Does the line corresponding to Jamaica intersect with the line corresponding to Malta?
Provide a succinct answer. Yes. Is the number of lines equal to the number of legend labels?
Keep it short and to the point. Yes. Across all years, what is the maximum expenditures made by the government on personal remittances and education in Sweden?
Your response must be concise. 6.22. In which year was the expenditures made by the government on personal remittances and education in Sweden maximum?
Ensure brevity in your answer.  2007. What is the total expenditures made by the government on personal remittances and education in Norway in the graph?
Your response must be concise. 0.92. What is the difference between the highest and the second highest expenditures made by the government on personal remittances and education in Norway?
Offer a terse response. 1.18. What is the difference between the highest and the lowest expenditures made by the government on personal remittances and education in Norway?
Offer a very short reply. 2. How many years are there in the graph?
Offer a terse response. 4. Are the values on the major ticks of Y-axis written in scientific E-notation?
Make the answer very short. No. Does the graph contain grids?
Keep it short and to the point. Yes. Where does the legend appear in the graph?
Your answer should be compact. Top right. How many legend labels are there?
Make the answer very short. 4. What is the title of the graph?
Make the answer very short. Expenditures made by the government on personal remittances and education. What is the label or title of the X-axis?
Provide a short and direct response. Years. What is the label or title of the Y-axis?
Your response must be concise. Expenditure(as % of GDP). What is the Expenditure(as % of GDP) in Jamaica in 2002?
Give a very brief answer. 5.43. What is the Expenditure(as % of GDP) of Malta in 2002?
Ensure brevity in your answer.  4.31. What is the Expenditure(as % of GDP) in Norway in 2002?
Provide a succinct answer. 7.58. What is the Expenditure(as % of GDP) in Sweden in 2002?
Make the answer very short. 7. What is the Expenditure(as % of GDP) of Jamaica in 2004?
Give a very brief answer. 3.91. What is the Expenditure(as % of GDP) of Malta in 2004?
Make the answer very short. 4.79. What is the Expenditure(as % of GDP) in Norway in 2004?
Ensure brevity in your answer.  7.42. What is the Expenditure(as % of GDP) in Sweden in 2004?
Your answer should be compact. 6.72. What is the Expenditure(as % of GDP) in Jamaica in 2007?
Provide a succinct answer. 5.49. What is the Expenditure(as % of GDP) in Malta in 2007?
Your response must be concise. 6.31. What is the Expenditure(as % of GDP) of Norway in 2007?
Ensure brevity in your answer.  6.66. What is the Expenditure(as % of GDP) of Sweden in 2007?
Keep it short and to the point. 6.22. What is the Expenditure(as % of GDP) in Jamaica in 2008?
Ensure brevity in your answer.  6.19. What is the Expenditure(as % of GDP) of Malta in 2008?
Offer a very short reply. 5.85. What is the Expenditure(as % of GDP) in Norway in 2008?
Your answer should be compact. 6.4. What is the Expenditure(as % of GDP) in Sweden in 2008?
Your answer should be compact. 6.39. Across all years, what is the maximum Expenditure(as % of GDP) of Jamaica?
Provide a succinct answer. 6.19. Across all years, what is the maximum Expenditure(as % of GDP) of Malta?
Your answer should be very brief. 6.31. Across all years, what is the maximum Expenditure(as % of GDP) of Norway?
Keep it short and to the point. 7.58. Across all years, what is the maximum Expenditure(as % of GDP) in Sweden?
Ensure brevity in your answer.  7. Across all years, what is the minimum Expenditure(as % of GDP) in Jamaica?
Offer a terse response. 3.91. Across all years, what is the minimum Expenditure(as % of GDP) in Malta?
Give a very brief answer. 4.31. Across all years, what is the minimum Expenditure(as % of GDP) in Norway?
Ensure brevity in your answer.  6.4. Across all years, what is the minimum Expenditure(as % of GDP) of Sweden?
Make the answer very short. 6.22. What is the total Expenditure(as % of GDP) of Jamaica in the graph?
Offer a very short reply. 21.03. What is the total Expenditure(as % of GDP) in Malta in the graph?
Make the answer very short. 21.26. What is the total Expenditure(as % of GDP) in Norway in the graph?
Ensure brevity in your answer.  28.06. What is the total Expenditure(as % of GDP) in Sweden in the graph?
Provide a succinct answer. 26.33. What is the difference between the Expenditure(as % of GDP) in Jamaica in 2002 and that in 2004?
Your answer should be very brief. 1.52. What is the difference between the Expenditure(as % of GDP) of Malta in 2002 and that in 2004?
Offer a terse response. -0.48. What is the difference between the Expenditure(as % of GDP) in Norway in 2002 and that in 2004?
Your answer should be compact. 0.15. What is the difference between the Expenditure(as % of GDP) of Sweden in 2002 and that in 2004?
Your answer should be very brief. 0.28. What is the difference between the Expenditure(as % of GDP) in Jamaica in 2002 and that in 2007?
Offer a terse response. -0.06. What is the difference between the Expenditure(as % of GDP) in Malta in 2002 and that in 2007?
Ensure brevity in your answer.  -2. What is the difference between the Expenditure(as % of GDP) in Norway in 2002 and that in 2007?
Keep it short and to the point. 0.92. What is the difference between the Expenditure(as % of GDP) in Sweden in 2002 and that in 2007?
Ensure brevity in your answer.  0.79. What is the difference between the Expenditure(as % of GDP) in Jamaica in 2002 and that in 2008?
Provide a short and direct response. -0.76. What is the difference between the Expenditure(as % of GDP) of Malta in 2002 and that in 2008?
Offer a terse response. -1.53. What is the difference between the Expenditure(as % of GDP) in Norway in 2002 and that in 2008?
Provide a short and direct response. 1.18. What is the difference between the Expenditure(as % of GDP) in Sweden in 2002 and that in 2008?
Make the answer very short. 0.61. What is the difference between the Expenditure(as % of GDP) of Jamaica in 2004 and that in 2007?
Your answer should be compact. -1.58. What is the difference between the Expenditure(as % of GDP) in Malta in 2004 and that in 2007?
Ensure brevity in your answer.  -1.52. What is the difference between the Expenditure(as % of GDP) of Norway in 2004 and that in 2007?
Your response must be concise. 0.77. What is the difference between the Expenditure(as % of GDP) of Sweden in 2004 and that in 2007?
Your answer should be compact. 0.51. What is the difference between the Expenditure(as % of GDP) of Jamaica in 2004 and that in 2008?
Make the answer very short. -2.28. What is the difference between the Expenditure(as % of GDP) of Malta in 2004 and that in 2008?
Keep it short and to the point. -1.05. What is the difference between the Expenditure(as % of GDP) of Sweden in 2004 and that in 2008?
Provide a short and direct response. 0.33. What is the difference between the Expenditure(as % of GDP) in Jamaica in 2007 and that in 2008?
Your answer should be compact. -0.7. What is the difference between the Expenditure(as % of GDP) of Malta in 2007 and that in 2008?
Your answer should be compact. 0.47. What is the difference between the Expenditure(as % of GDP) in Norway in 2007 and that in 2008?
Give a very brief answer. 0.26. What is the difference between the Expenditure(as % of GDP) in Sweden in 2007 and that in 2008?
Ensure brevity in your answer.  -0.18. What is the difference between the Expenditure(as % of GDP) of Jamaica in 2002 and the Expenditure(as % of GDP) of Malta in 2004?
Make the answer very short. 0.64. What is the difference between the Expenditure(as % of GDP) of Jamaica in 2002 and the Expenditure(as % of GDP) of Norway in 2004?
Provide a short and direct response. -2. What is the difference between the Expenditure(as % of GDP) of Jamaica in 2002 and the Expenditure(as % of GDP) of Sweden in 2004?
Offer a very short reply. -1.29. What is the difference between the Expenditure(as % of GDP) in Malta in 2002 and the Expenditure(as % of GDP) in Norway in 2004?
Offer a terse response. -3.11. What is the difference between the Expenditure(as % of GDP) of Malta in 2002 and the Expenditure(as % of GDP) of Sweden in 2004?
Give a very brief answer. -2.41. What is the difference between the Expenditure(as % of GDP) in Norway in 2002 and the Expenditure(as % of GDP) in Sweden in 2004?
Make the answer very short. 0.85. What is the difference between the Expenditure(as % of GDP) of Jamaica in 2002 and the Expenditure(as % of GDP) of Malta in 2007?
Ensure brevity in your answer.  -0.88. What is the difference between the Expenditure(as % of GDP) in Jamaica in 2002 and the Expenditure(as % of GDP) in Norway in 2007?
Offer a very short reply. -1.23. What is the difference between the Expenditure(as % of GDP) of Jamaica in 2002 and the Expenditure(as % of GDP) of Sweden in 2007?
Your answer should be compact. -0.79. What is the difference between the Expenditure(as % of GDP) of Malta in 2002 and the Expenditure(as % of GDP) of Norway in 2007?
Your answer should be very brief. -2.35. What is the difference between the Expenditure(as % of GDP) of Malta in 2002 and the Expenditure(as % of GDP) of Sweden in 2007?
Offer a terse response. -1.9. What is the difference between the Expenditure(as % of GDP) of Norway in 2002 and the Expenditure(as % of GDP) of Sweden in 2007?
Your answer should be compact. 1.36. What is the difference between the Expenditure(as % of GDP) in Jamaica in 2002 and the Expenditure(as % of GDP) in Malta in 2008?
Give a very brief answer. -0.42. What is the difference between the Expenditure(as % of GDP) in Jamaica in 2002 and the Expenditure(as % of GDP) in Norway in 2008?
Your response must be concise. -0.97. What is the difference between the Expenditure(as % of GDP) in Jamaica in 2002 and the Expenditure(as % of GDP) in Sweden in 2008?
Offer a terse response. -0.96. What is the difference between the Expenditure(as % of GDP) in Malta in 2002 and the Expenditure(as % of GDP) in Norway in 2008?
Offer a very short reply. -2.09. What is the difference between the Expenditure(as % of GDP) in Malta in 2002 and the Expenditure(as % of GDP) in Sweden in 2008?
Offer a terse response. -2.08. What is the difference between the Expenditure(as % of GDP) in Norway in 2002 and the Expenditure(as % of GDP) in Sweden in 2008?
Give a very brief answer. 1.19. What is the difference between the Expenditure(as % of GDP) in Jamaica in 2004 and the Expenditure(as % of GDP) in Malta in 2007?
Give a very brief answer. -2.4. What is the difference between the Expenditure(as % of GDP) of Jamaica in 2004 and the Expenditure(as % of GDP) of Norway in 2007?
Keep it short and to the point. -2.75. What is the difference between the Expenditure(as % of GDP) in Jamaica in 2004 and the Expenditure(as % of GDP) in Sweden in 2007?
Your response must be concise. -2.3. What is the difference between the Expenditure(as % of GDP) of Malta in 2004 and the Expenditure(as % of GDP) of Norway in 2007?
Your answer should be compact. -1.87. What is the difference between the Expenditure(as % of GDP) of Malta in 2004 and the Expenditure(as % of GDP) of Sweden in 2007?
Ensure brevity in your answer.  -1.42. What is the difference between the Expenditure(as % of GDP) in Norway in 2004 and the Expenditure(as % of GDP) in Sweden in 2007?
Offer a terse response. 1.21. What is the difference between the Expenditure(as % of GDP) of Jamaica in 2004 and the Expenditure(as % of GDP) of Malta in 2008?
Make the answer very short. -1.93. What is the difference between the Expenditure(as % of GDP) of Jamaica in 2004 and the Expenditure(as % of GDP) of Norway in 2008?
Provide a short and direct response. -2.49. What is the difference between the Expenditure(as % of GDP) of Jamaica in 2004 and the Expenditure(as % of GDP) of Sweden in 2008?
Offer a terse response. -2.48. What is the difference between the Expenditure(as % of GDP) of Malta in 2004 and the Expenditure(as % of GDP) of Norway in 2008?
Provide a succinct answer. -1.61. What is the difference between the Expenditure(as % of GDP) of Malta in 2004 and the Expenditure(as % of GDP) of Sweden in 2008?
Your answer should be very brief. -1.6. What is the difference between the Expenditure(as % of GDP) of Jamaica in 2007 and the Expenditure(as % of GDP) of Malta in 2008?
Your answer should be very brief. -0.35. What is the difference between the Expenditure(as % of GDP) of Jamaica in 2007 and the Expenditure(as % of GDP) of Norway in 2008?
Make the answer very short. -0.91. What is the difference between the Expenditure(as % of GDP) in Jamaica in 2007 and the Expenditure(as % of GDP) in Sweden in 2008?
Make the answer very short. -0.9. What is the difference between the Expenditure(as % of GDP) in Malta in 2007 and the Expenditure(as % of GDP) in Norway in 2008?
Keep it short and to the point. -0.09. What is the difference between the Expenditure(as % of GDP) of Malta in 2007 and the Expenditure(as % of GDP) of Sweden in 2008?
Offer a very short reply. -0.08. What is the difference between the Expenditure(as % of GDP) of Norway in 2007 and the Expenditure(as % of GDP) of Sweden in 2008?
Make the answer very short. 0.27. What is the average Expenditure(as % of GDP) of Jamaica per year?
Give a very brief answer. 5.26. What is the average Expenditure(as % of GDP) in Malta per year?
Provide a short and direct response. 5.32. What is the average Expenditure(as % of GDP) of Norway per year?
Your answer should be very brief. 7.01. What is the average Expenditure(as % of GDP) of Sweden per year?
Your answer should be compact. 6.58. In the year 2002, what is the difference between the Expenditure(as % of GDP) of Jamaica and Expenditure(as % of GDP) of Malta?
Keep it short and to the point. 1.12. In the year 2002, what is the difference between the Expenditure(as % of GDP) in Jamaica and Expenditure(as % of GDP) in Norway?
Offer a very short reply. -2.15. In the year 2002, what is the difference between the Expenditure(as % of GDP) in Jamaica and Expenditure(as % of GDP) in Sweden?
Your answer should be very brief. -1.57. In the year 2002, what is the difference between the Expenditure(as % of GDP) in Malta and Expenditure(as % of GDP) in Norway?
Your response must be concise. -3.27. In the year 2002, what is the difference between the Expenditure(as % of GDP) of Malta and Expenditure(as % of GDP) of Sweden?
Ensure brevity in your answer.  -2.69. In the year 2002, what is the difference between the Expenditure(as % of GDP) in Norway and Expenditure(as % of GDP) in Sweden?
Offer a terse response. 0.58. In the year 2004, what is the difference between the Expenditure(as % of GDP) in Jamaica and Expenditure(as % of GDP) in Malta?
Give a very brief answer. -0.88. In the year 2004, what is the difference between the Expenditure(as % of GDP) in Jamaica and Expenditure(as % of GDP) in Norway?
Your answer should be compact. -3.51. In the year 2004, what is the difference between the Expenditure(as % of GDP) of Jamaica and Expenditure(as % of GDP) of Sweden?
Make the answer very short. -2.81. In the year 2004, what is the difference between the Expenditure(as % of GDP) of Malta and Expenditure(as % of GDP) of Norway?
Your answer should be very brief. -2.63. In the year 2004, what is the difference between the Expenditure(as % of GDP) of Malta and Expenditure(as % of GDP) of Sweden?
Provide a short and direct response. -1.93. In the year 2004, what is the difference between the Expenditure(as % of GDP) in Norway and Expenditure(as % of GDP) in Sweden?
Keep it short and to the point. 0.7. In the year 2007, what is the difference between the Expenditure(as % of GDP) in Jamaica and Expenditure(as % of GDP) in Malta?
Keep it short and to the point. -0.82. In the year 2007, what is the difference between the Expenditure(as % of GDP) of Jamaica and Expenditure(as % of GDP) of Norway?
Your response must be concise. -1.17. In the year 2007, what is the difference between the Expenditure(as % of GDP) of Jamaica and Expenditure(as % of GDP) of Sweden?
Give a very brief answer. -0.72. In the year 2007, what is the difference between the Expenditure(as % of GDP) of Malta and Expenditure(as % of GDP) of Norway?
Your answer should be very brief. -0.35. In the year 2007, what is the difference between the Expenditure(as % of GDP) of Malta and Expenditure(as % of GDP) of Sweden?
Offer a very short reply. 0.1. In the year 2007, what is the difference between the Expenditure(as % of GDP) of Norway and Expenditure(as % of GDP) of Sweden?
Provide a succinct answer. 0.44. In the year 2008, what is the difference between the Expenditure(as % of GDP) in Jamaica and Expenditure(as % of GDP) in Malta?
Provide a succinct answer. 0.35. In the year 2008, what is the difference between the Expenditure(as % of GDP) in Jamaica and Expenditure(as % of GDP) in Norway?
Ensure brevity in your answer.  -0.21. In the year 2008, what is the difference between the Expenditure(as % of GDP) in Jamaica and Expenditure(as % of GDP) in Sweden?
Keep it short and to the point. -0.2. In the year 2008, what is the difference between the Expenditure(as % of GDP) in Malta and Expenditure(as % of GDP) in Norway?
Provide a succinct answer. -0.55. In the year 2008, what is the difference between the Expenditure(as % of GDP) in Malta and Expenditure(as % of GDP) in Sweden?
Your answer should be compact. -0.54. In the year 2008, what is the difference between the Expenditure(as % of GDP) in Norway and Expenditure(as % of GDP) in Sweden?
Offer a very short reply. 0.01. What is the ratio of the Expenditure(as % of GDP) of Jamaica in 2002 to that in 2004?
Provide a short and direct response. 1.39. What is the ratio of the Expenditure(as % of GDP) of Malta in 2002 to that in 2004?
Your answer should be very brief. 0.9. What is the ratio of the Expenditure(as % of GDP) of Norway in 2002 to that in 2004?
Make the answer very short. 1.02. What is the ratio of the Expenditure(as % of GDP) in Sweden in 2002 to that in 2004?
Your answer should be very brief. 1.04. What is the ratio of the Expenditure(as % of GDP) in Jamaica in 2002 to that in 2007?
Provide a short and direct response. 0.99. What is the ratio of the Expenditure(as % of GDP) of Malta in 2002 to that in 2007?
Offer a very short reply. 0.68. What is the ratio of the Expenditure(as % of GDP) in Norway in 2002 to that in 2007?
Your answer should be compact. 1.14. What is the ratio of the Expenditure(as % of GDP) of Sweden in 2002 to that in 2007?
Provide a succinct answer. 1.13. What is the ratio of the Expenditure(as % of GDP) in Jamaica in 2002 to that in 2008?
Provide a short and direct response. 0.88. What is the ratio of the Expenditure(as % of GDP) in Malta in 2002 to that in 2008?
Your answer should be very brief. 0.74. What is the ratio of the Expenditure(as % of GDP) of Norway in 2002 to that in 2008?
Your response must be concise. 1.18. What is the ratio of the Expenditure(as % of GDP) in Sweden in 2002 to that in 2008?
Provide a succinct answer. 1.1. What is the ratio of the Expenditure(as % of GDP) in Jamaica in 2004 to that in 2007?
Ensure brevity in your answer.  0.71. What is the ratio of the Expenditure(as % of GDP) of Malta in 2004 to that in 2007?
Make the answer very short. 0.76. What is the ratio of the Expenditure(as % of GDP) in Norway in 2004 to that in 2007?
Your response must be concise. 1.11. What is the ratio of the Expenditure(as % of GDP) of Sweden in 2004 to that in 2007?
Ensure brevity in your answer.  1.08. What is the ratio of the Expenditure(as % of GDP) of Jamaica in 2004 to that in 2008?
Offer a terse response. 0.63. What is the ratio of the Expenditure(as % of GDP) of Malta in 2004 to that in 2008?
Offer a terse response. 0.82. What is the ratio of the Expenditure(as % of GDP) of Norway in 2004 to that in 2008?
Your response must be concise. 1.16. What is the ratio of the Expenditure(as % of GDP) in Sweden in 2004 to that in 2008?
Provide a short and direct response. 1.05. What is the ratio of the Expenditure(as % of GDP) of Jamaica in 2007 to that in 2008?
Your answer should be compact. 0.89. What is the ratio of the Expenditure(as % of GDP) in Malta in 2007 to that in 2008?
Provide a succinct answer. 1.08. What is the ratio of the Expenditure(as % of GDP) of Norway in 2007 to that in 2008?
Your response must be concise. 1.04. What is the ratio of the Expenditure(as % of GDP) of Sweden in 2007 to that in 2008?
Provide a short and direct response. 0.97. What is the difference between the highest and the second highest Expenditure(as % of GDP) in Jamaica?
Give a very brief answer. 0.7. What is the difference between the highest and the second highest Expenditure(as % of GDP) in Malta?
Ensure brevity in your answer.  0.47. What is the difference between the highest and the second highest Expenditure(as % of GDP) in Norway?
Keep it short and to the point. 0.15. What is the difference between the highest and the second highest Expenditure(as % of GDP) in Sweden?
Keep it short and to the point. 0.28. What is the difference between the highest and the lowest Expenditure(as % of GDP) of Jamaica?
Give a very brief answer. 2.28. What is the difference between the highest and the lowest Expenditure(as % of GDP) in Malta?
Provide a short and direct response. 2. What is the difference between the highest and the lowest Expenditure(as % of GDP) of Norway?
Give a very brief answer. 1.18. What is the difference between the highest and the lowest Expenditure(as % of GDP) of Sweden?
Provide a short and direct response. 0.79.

---

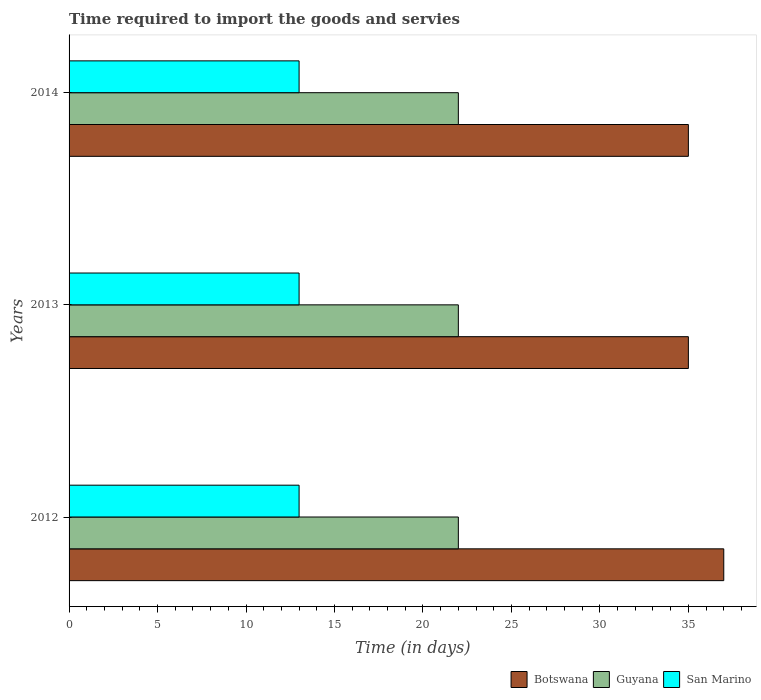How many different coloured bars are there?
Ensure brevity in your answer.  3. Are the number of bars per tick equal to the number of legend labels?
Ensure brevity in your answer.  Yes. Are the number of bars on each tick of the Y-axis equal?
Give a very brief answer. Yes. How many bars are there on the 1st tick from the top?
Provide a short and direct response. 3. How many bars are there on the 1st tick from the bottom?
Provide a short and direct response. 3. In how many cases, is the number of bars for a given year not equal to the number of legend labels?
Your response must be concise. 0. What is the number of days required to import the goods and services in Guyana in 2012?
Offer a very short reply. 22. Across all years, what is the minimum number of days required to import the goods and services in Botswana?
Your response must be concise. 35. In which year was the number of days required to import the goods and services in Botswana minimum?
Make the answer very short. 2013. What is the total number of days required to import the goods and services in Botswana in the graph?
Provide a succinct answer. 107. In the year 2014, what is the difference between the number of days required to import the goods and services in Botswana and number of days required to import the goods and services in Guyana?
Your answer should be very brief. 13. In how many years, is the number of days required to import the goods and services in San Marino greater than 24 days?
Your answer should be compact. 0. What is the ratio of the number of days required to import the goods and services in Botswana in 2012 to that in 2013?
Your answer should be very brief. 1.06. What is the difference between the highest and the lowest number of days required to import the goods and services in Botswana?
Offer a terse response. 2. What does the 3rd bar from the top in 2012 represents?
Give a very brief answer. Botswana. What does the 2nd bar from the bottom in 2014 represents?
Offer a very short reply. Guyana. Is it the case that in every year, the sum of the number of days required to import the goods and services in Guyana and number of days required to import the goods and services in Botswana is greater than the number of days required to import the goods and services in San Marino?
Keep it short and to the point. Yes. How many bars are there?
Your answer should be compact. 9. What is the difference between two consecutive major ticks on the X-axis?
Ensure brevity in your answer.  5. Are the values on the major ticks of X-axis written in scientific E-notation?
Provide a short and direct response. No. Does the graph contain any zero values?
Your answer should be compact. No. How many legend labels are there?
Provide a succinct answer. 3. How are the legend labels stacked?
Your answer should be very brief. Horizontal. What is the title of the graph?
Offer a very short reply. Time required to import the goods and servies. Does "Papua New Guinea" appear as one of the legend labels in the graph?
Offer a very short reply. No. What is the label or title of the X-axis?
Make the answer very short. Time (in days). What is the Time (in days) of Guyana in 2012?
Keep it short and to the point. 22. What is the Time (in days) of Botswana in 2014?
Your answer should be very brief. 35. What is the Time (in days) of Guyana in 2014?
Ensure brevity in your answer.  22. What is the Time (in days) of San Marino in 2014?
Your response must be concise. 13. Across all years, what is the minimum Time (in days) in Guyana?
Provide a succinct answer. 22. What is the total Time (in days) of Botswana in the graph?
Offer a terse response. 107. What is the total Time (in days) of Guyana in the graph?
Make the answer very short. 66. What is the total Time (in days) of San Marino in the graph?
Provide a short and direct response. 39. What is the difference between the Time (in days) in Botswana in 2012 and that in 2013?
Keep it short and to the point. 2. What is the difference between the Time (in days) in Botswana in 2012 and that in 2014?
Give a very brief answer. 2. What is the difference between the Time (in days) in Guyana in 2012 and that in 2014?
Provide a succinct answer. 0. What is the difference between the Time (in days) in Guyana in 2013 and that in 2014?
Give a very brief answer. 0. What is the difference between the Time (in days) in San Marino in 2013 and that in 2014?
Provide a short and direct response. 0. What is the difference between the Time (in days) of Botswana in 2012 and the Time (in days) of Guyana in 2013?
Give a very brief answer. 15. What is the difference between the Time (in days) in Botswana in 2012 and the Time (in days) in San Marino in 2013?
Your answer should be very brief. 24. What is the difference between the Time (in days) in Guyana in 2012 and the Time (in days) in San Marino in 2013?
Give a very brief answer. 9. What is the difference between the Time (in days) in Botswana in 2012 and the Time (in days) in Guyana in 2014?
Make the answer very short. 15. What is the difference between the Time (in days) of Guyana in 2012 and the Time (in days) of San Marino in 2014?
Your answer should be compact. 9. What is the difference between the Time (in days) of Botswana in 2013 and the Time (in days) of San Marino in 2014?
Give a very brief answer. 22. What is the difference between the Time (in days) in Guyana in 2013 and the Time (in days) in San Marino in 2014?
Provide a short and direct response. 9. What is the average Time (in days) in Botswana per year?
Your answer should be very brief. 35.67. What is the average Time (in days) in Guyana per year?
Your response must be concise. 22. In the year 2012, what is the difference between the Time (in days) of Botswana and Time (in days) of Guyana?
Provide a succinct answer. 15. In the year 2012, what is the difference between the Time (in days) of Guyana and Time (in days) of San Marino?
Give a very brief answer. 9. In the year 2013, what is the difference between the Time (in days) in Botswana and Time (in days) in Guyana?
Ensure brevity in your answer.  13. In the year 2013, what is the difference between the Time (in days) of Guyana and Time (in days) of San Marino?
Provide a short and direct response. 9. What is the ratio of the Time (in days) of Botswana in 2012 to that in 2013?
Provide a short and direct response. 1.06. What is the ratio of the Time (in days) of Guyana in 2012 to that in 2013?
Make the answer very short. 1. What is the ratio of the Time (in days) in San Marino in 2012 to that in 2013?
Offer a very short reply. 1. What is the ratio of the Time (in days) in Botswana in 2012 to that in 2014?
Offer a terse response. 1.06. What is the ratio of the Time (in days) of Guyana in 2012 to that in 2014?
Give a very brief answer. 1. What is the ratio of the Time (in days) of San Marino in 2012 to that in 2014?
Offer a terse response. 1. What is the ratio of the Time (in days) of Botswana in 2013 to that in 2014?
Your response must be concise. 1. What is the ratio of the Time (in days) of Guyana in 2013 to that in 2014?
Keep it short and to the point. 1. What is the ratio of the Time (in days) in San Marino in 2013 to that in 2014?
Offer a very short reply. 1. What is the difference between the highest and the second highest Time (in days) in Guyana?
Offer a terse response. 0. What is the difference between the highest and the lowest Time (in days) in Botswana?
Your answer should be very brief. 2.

---

Task objective
Please return the lines above that run from the line containing "Norway in 2004 and that in 2007?" to the line containing "Keep it short and to the point. -1.05.", inclusive, exactly and with no other lines.

Task answer
Ensure brevity in your answer.  -1.52. What is the difference between the Expenditure(as % of GDP) of Norway in 2004 and that in 2007?
Your response must be concise. 0.77. What is the difference between the Expenditure(as % of GDP) of Sweden in 2004 and that in 2007?
Your answer should be compact. 0.51. What is the difference between the Expenditure(as % of GDP) of Jamaica in 2004 and that in 2008?
Make the answer very short. -2.28. What is the difference between the Expenditure(as % of GDP) of Malta in 2004 and that in 2008?
Keep it short and to the point. -1.05. What is the difference between the Expenditure(as % of GDP) of Sweden in 2004 and that in 2008?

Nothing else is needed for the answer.